Naik has other arguments too. One of them involves
the funding of two refinery projects for a total capacity of 15
million tonnes. These projects need Rs 16,000 crore and Naik believes
IPOs from HPCL and BPCL can help fund them. Another of Naik's arguments
says that oil is a strategic sector and during exigencies like war
it helps if the government, rather than the private sector, has
control over supplies of oil. For all of these arguments, there
are suitable counter-arguments. Disinvestment through the strategic
sale route can help free state-owned companies from bureaucratic
control and thus make them more competitive and efficient; adding
fresh refining capacity makes little sense because India already
has surplus refining capacity; and, as far as exigencies are concerned,
the government already enjoys the powers-the Petroleum Regulatory
Bill, 2002, has the provisions-to temporarily takeover companies
during national emergencies like war.
Thus, Naik's arguments are at best excuses
aimed at scuttling the disinvestment process. But for a moment,
let us get away from such arguments and counter-arguments. And look
at what perhaps is the crux of the issue. The biggest beneficiaries
of a strategic sale of stakes in either BPCL or HPCL, or both, are
the private sector oil companies. More specifically, it could be
Indian oil-major Reliance or foreign giant Royal/Dutch Shell. Both
are the more serious contenders for a piece of the action in India's
oil sector, particularly when it comes to the retail market. Let's
not even consider Essar as a serious contender for the simple reason
that it is still struggling to set up a refinery and the group's
other businesses like steel are highly debt-laden and funds starved.
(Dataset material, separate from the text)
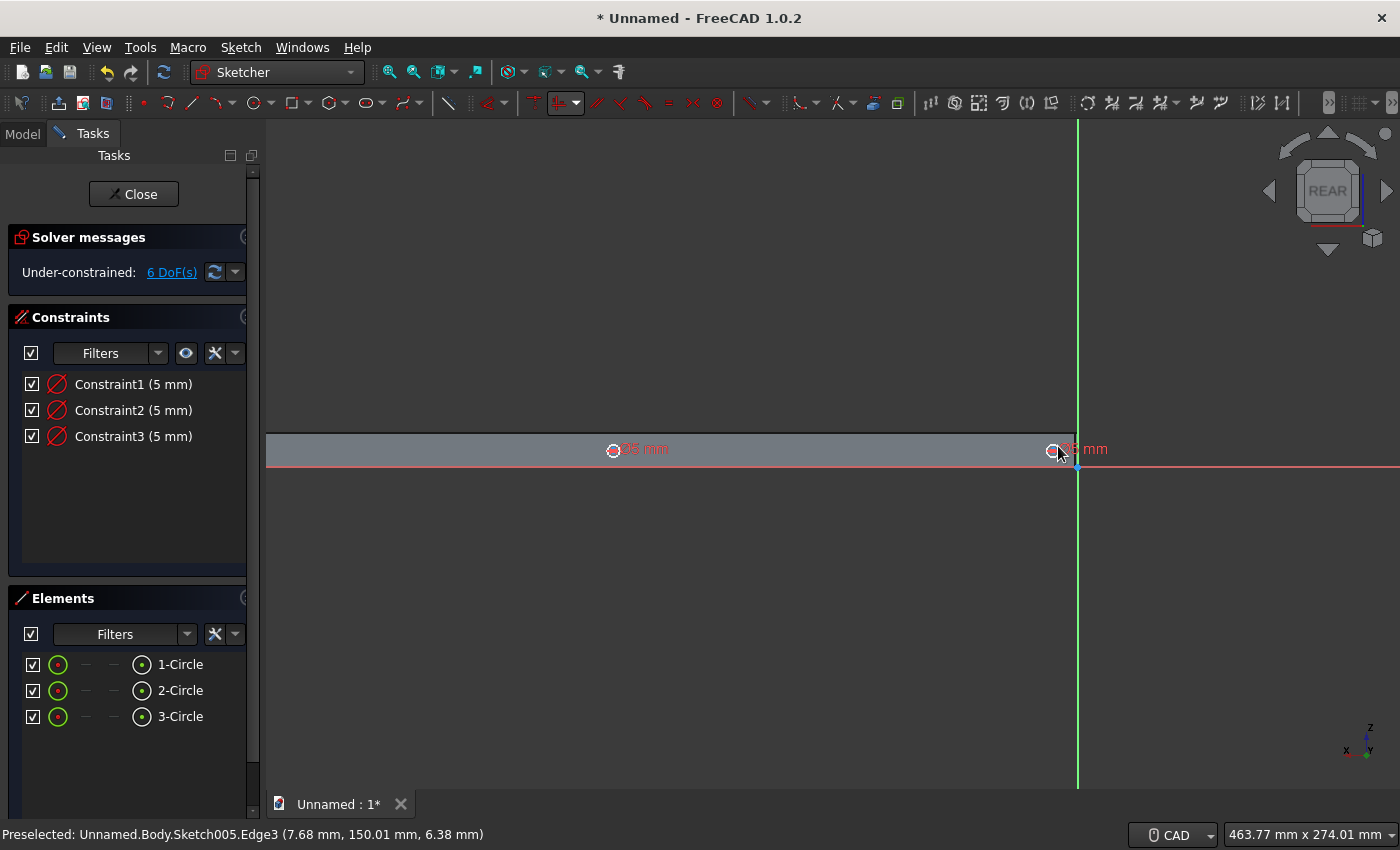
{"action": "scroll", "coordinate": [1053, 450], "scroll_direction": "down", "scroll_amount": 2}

If the strategic sale of stake is put off and
the government decides to go in for IPOs in the oil companies, private
sector contenders can choose to buy stakes in them through market
deals and may even be able to creepingly build up sizeable stakes
without paying a premium. For players as deep-pocketed as Reliance,
that may not be a bad route to adopt. After all, Reliance bought
a 38 per cent stake in BSEs through the same route. True, it is
a long drawn out route that takes time and patience, but for Reliance
it could be far better than a situation where, say, the government
decides on strategic sale of stakes in the two companies and Reliance
bids but doesn't get either, like it happened in two past instances-VSNL
and IBP. Strategic sale or IPO: could it be a 'heads you win, tails
we lose' toss-up for the government?